Theater workshop debuts adaptation of Marc Bamuthi Joseph libretto

Shown listening to Marc Bamuthi Joseph in April are, from left, Katie Straw '12, Yasin Fairley '12, Ashley Booker '12, dance professor Rachel Boggia and theater lecturer Kati Vecsey. Photograph by Phyllis Graber Jensen/Bates College.

Just weeks after Marc Bamuthi Joseph dazzled local audiences with his performance piece red, black & GREEN: a blues, a theater production workshop at Bates is debuting an original adaptation of Joseph’s ballet libretto Home in 7.

Retitled Home, Among Other Transitional Places, this piece integrating dance, drama, poetry and video will be performed at 7:30 p.m. Thursday through Saturday, May 17-19, and at 2 p.m. Sunday, May 20, in Gannett Theater, Pettigrew Hall, 305 College St.

The performances are open to the public at no charge. For more information, please contact 207-786-6161.

Directed by Senior Lecturer in Theater Katalin Vecsey and with choreography and video design by Visiting Assistant Professor of Dance Rachel Boggia, Home, Among Other Transitional Places is the first original mainstage theater-dance collaboration from the Department of Theater and Dance, formed this academic year after the creation of a dance major at the college in 2011.

The seven performers in the piece include six students in the annual theater production workshop held during Short Term, Bates’ intensive five-week spring semester.

A poet, performer and educator, as well as director of performing arts at the Yerba Buena Center for the Arts in San Francisco, Joseph wrote Home in 7 for performances by the Atlanta Ballet in 2011. As this academic year’s artist in residence at Bates, he worked with the theater workshop faculty and students during the first week of the Short Term course.

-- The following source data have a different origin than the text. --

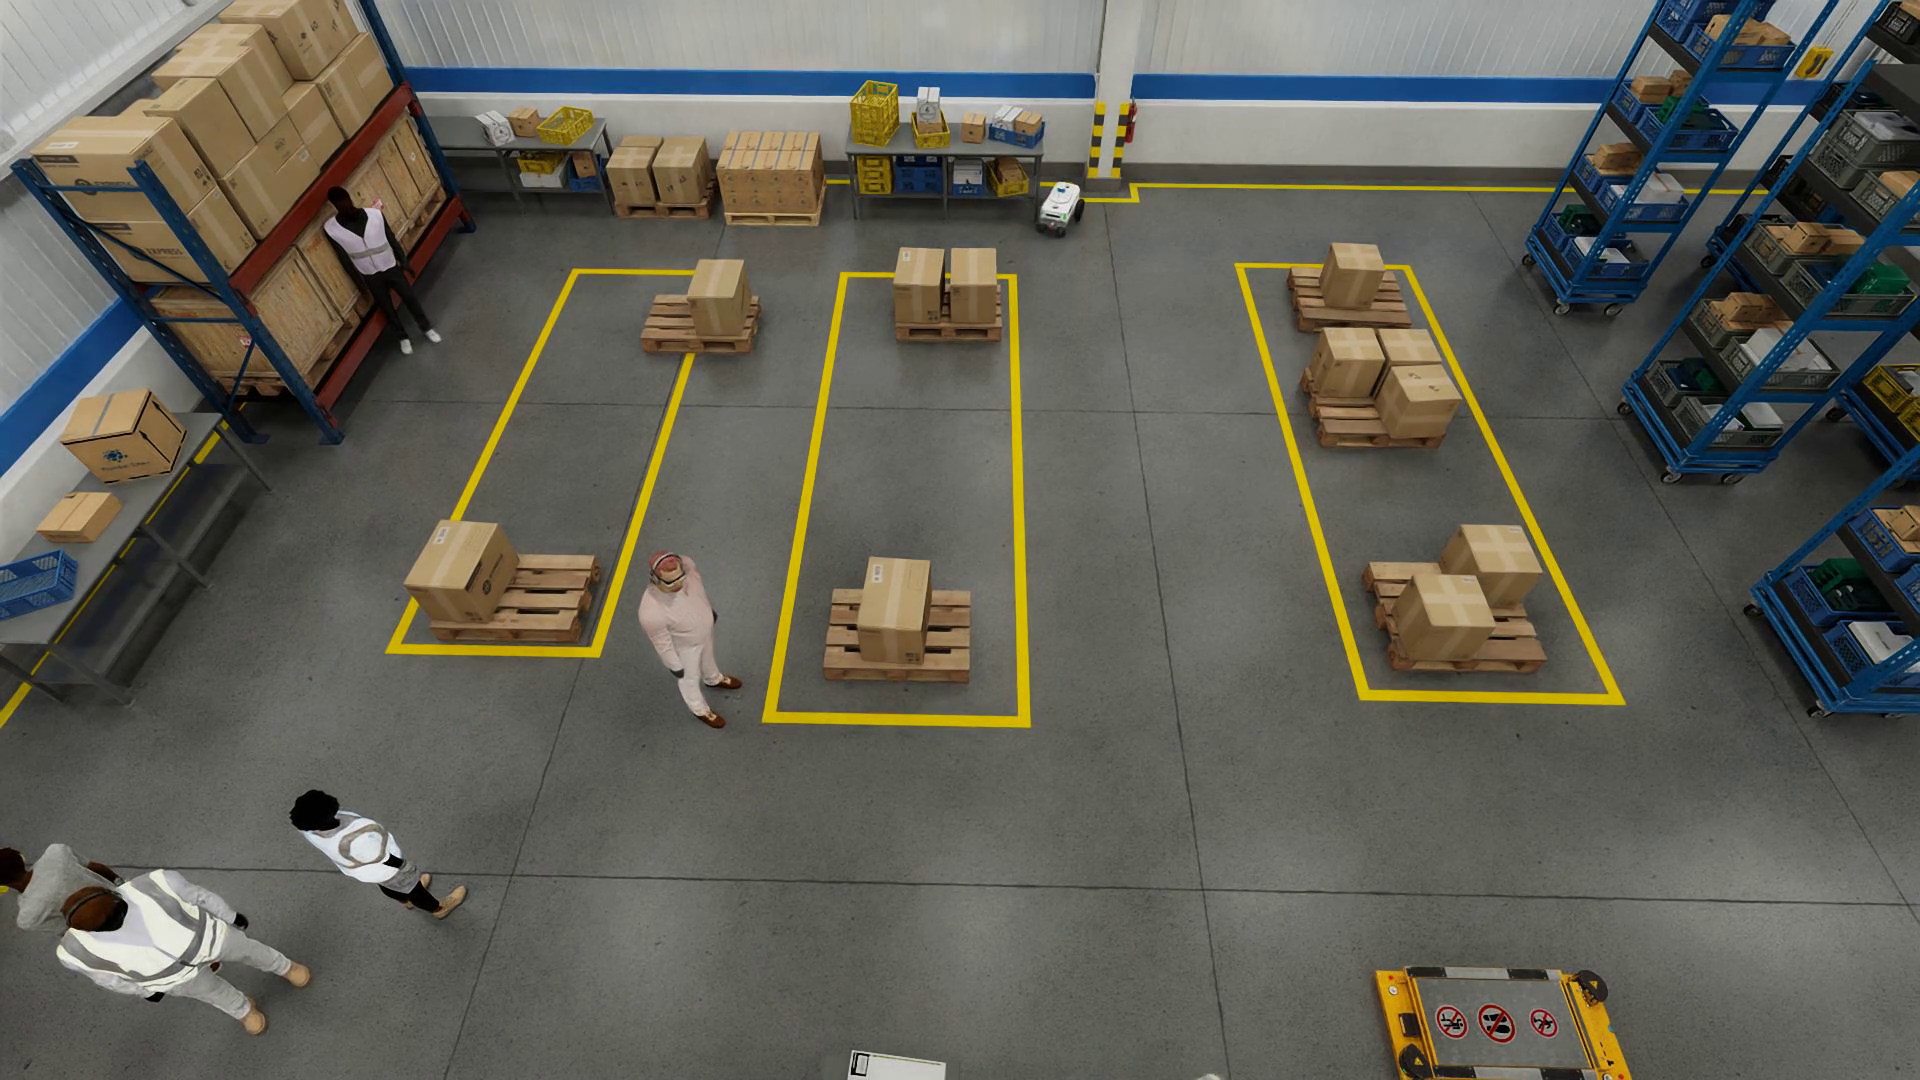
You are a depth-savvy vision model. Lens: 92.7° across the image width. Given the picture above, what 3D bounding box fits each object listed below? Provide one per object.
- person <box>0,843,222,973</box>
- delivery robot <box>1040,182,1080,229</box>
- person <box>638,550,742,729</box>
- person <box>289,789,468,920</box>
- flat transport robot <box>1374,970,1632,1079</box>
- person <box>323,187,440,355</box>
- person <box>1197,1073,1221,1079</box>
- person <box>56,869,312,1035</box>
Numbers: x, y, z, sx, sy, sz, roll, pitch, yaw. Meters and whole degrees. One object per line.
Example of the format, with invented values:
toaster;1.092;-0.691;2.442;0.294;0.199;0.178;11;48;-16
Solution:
person;-5.206;2.289;5.577;0.329;1.872;0.511;-12;52;-10
delivery robot;1.283;-4.302;11.734;0.477;0.478;0.707;16;53;12
person;-1.996;0.713;6.841;0.399;1.905;0.642;11;52;9
person;-3.760;2.039;5.892;0.535;1.697;0.318;15;52;12
flat transport robot;3.501;3.133;5.914;1.431;0.197;0.652;1;51;1
person;-6.187;-2.883;9.765;0.596;1.914;0.373;-31;57;-23
person;1.142;3.238;4.852;0.611;1.798;0.405;-36;59;-26
person;-4.604;2.458;5.461;0.429;1.839;0.623;26;55;19

“It’s so rare to be able to work with the playwright or originator of a text,” Boggia reflects. “He’s also a great teacher and mentor. He really connects with the students.”

Home, Among Other Transitional Places is a dramatic presentation of Joseph’s six-part autobiographical poem about his relationship with the city of Atlanta. A New York native who attended Morehouse College, Joseph was inspired by the city’s history, particularly stories of the Atlanta child murders in the late 1970s and early ’80s.

“History is made faceless as the next generation loses a connection,” Joseph told Creative Loafing Atlanta, an alternative weekly newspaper. “I’m interested in facilitating that conversation between the solid forms of today and the city’s ghosts.”

The Bates students faced the challenge of making the piece their own without changing the text, a daunting task considering the cast is all women, only one of whom has visited Atlanta. “But it works out fine,” says Vecsey. “It’s really interesting how gender and location hasn’t really been an issue.”

Joseph will make a taped appearance in the digital images projected around the actors and dancers.

The performance is under 45 minutes long and will be followed by a question and answer session with the students, Vecsey and Boggia.

Joseph is one of America’s vital voices in performance, arts education and artistic curation. This year he was an inaugural recipient of the Doris Duke Charitable Foundation Artist Award, and last year received the Alpert Award in the Arts for Theater. In 2007, he graced the cover of Smithsonian Magazine after being named one of America’s Top Young Innovators in the Arts and Sciences.